28th Mayor of Addis Ababa
- In office 24 January 2003 – 9 May 2006
- President: Girma Wolde-Giorgis
- Prime Minister: Meles Zenawi
- Preceded by: Ali Abdo
- Succeeded by: Berhane Deressa Berhanu Nega (elect)

Personal details
- Born: 1957 (age 68–69) Addigrat, Tigray Province, Ethiopian Empire

= Arkebe Oqubay =

Ethiopian politician (born 1957)

Arkebe Oqubay (ኣርከበ ዑቕባይ; born 1957) is an Ethiopian politician who is serving as Senior Minister and Special Adviser to the Prime Minister of Ethiopia since 2018. He was the mayor of Addis Ababa from 2003 to 2006.

==Background==
Arkebe is a member of the Tigray People's Liberation Front.
He has been at the centre of policymaking and government leadership for over thirty years.
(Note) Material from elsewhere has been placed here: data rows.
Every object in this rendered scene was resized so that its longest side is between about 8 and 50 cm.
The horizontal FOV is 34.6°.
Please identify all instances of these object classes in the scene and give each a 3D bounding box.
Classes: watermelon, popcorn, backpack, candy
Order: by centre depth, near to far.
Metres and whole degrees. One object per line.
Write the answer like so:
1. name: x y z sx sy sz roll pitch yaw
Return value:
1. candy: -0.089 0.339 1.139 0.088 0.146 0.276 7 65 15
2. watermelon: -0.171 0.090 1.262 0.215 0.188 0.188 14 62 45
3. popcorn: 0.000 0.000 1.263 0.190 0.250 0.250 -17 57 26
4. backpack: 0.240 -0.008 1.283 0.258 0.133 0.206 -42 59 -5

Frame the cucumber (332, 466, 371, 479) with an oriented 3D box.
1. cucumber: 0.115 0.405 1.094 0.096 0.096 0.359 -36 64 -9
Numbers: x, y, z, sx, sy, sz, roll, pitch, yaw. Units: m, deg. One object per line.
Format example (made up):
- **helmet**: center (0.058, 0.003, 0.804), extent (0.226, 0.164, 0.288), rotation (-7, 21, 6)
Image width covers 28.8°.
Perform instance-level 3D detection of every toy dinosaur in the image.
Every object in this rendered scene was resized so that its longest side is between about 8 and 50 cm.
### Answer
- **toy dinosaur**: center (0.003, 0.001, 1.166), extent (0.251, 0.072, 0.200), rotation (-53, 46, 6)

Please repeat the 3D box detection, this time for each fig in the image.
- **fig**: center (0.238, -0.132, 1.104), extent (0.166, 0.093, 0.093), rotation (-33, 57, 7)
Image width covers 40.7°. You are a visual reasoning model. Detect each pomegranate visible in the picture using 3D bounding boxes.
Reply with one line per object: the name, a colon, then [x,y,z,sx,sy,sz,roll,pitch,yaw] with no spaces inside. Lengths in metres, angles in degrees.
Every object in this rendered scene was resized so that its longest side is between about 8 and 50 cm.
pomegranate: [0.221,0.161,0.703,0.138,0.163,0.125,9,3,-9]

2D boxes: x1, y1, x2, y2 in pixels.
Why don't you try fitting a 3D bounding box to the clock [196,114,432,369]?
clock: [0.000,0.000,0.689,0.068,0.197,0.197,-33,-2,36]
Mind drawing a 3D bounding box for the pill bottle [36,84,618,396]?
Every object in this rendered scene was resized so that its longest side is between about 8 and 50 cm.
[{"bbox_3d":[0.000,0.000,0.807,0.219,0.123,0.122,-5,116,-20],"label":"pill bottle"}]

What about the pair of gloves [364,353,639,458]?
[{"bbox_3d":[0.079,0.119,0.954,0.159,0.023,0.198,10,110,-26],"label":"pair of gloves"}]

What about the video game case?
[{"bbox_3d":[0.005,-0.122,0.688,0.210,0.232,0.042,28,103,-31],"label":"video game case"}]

Oqubay has been a member of the core leadership of Tigrayan People's Liberation Front (TPLF) and Ethiopian People's Revolutionary Democratic Front (EPRDF), the movement that spearheaded the seventeen-year popular liberation struggle. During the liberation movement, Oqubay was a member of the executive council responsible for socio-economic affairs of the liberation army and liberated areas.
He is strongly backed by Prime Minister Abiy Ahmed.

In September 2026, Oqubay joined the Executive Board of the Global Center on Adaptation (GCA), serving alongside Jan Peter Balkenende, former prime minister of the Netherlands.